--- START ---
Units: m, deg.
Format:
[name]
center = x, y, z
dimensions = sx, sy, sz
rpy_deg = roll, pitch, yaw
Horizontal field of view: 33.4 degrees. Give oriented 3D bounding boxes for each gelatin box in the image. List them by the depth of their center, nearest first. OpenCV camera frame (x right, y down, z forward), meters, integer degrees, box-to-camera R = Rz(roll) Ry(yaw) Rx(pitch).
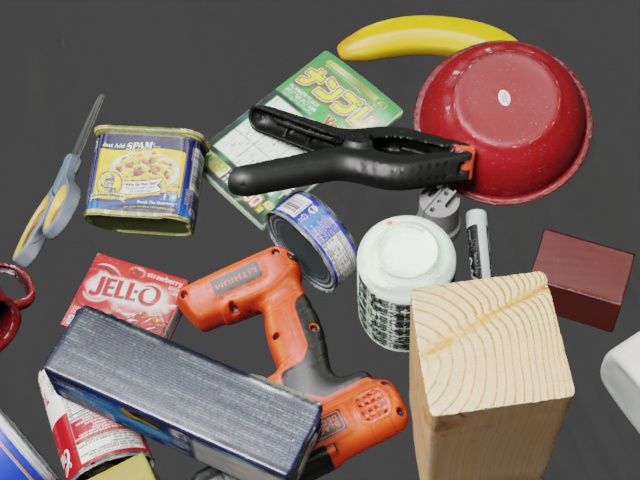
[gelatin box]
center = -0.164, 0.058, 0.908
dimensions = 0.089, 0.030, 0.073
rpy_deg = 17, 63, 13

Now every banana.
[banana]
center = 0.118, -0.182, 1.016
dimensions = 0.198, 0.037, 0.069
rpy_deg = 15, 61, 13

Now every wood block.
[wood block]
center = 0.112, 0.113, 0.753
dimensions = 0.091, 0.206, 0.090
rpy_deg = -7, 60, 1

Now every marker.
[marker]
center = 0.137, 0.030, 0.905
dimensions = 0.020, 0.020, 0.121
rpy_deg = -2, 61, 3

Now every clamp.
[clamp]
center = 0.025, -0.069, 0.905
dimensions = 0.210, 0.036, 0.164
rpy_deg = 7, 28, 7

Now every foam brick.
[foam brick]
center = 0.212, 0.033, 0.878
dimensions = 0.078, 0.053, 0.051
rpy_deg = 17, 63, 13

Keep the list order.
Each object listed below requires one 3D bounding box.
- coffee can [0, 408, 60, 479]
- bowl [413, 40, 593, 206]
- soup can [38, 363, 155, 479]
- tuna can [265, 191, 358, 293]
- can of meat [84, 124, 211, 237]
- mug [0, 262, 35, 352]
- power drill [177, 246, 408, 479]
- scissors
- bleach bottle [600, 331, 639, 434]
[coffee can]
center = -0.282, 0.191, 0.802
dimensions = 0.140, 0.103, 0.103
rpy_deg = -40, 65, -17
[bowl]
center = 0.163, -0.115, 0.944
dimensions = 0.162, 0.055, 0.162
rpy_deg = -1, 74, 5
[soup can]
center = -0.177, 0.142, 0.841
dimensions = 0.068, 0.068, 0.102
rpy_deg = -21, 61, -7
[tuna can]
center = -0.006, 0.001, 0.895
dimensions = 0.033, 0.086, 0.086
rpy_deg = -40, 65, -18
[can of meat]
center = -0.154, -0.052, 0.947
dimensions = 0.102, 0.057, 0.084
rpy_deg = 3, 73, 9
[mug]
center = -0.299, 0.048, 0.898
dimensions = 0.117, 0.093, 0.082
rpy_deg = -18, 53, -30
[power drill]
center = -0.047, 0.111, 0.854
dimensions = 0.184, 0.057, 0.188
rpy_deg = -24, 64, -7
[scissors]
center = -0.220, -0.065, 0.961
dimensions = 0.016, 0.096, 0.201
rpy_deg = 34, 62, -26
[bleach bottle]
center = 0.350, 0.072, 0.840
dimensions = 0.250, 0.068, 0.103
rpy_deg = -28, 63, -13
--- END ---
## Work order
With the pictures dropped, give every entry above again exactly.

## Task solution
Units: m, deg.
Format:
[name]
center = x, y, z
dimensions = sx, sy, sz
rpy_deg = roll, pitch, yaw
Horizontal field of view: 33.4 degrees. Give oriented 3D bounding boxes for each gelatin box in the image. List them by the depth of their center, nearest first. OpenCV camera frame (x right, y down, z forward), meters, integer degrees, box-to-camera R = Rz(roll) Ry(yaw) Rx(pitch).
[gelatin box]
center = -0.164, 0.058, 0.908
dimensions = 0.089, 0.030, 0.073
rpy_deg = 17, 63, 13

Now every banana.
[banana]
center = 0.118, -0.182, 1.016
dimensions = 0.198, 0.037, 0.069
rpy_deg = 15, 61, 13

Now every wood block.
[wood block]
center = 0.112, 0.113, 0.753
dimensions = 0.091, 0.206, 0.090
rpy_deg = -7, 60, 1

Now every marker.
[marker]
center = 0.137, 0.030, 0.905
dimensions = 0.020, 0.020, 0.121
rpy_deg = -2, 61, 3

Now every clamp.
[clamp]
center = 0.025, -0.069, 0.905
dimensions = 0.210, 0.036, 0.164
rpy_deg = 7, 28, 7

Now every foam brick.
[foam brick]
center = 0.212, 0.033, 0.878
dimensions = 0.078, 0.053, 0.051
rpy_deg = 17, 63, 13

Keep the list order.
Each object listed below requires one 3D bounding box.
- coffee can [0, 408, 60, 479]
- bowl [413, 40, 593, 206]
- soup can [38, 363, 155, 479]
- tuna can [265, 191, 358, 293]
- can of meat [84, 124, 211, 237]
- mug [0, 262, 35, 352]
- power drill [177, 246, 408, 479]
- scissors
- bleach bottle [600, 331, 639, 434]
[coffee can]
center = -0.282, 0.191, 0.802
dimensions = 0.140, 0.103, 0.103
rpy_deg = -40, 65, -17
[bowl]
center = 0.163, -0.115, 0.944
dimensions = 0.162, 0.055, 0.162
rpy_deg = -1, 74, 5
[soup can]
center = -0.177, 0.142, 0.841
dimensions = 0.068, 0.068, 0.102
rpy_deg = -21, 61, -7
[tuna can]
center = -0.006, 0.001, 0.895
dimensions = 0.033, 0.086, 0.086
rpy_deg = -40, 65, -18
[can of meat]
center = -0.154, -0.052, 0.947
dimensions = 0.102, 0.057, 0.084
rpy_deg = 3, 73, 9
[mug]
center = -0.299, 0.048, 0.898
dimensions = 0.117, 0.093, 0.082
rpy_deg = -18, 53, -30
[power drill]
center = -0.047, 0.111, 0.854
dimensions = 0.184, 0.057, 0.188
rpy_deg = -24, 64, -7
[scissors]
center = -0.220, -0.065, 0.961
dimensions = 0.016, 0.096, 0.201
rpy_deg = 34, 62, -26
[bleach bottle]
center = 0.350, 0.072, 0.840
dimensions = 0.250, 0.068, 0.103
rpy_deg = -28, 63, -13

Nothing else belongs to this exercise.